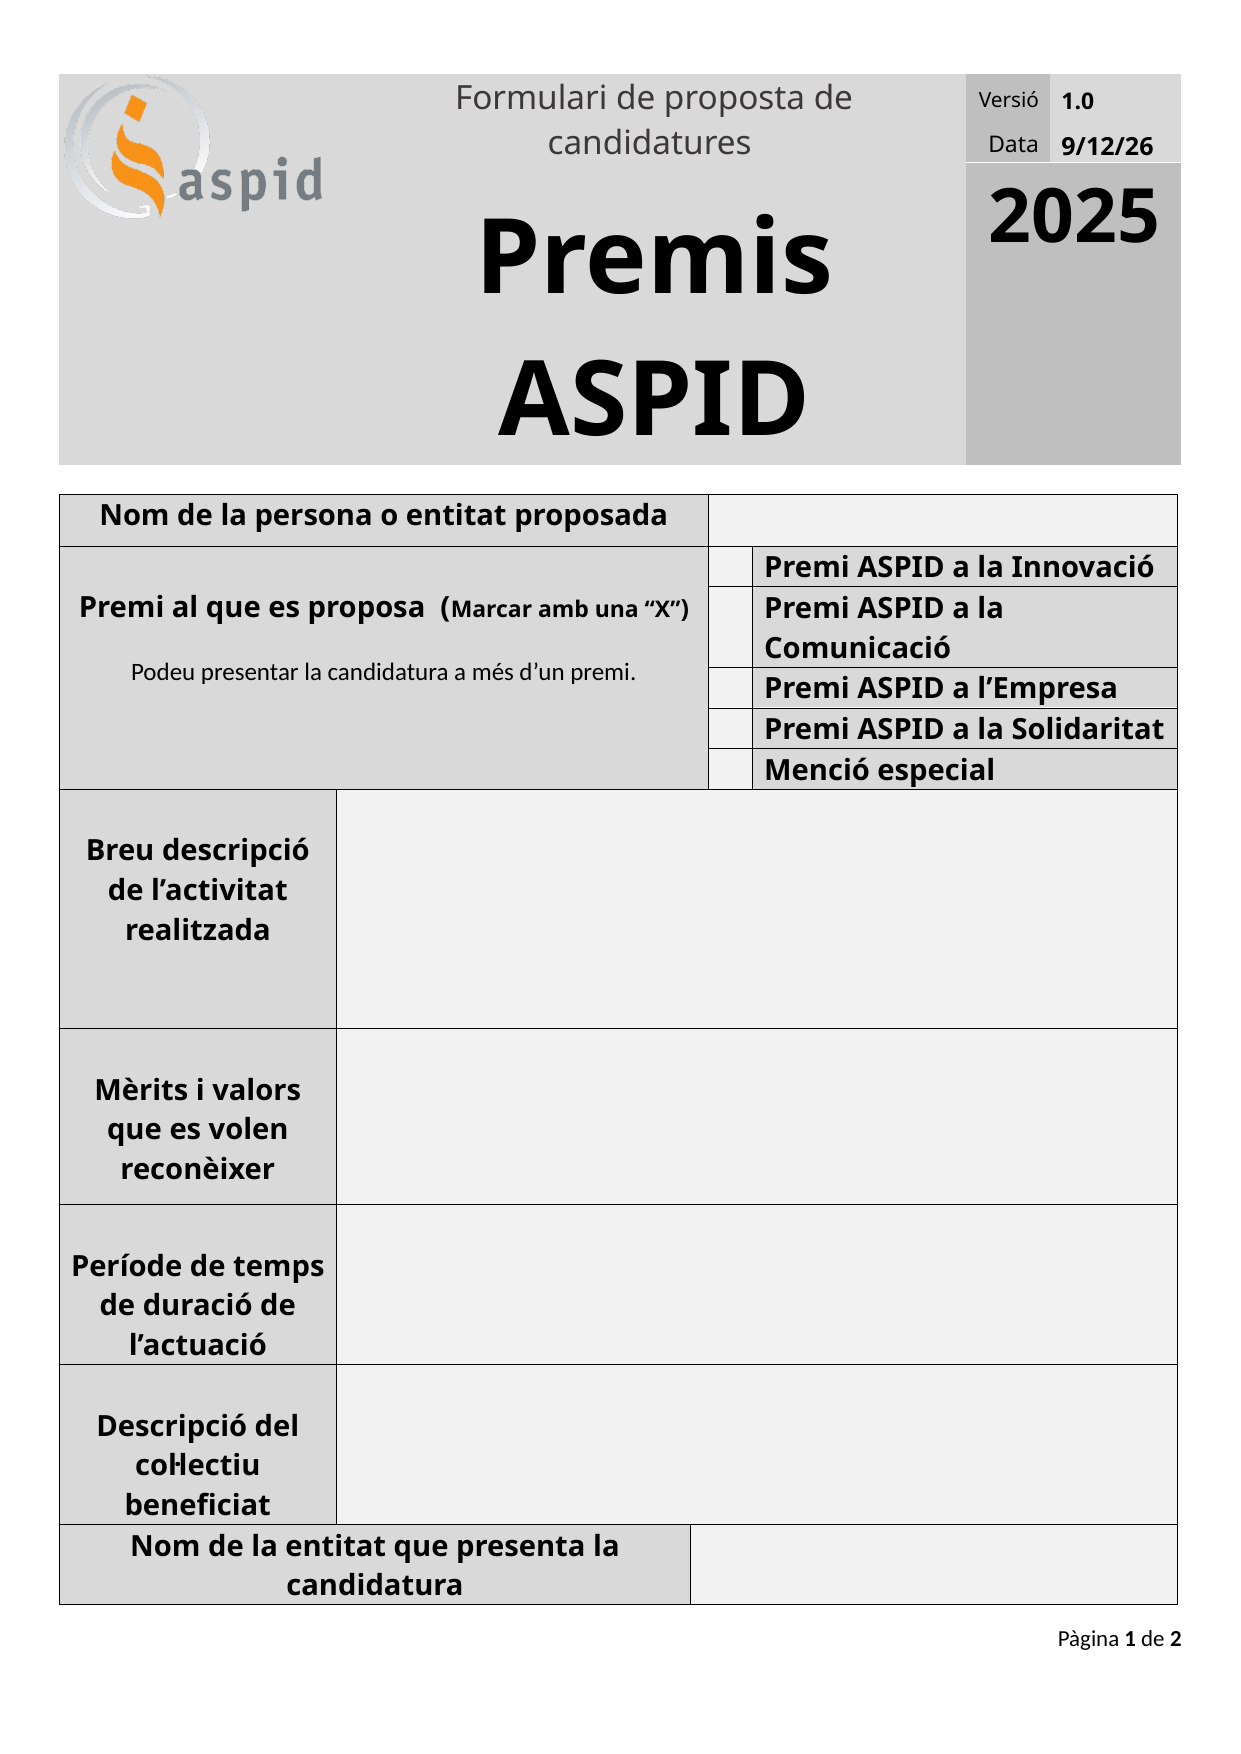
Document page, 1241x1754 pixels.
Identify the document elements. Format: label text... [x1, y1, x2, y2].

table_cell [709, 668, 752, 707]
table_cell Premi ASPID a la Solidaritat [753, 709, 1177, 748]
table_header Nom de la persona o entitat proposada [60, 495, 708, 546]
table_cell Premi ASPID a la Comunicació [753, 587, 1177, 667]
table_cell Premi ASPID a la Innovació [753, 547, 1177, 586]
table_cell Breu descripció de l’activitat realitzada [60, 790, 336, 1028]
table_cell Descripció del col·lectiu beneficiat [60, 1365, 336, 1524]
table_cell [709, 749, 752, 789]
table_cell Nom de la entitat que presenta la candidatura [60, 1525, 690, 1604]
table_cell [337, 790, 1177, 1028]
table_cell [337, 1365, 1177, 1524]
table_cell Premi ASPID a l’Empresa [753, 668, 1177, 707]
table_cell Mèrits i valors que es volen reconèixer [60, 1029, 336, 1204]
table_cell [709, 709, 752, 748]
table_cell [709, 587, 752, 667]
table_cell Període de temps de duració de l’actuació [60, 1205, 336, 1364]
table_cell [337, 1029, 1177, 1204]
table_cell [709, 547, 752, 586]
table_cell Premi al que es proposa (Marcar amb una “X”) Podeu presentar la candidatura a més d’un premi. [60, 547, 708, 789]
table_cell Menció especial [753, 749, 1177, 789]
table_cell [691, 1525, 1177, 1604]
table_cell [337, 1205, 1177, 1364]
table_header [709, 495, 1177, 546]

==============================

EXERCISE PROMPT —
Give back, exactly and with nothing added, the lines from the line containing "table_cell [709, 668, 752, 707]" through the final line of the records above, both of them included.

OUTPUT —
table_cell [709, 668, 752, 707]
table_cell Premi ASPID a la Solidaritat [753, 709, 1177, 748]
table_header Nom de la persona o entitat proposada [60, 495, 708, 546]
table_cell Premi ASPID a la Comunicació [753, 587, 1177, 667]
table_cell Premi ASPID a la Innovació [753, 547, 1177, 586]
table_cell Breu descripció de l’activitat realitzada [60, 790, 336, 1028]
table_cell Descripció del col·lectiu beneficiat [60, 1365, 336, 1524]
table_cell [709, 749, 752, 789]
table_cell Nom de la entitat que presenta la candidatura [60, 1525, 690, 1604]
table_cell [337, 790, 1177, 1028]
table_cell [337, 1365, 1177, 1524]
table_cell Premi ASPID a l’Empresa [753, 668, 1177, 707]
table_cell Mèrits i valors que es volen reconèixer [60, 1029, 336, 1204]
table_cell [709, 709, 752, 748]
table_cell [709, 587, 752, 667]
table_cell Període de temps de duració de l’actuació [60, 1205, 336, 1364]
table_cell [337, 1029, 1177, 1204]
table_cell [709, 547, 752, 586]
table_cell Premi al que es proposa (Marcar amb una “X”) Podeu presentar la candidatura a més d’un premi. [60, 547, 708, 789]
table_cell Menció especial [753, 749, 1177, 789]
table_cell [691, 1525, 1177, 1604]
table_cell [337, 1205, 1177, 1364]
table_header [709, 495, 1177, 546]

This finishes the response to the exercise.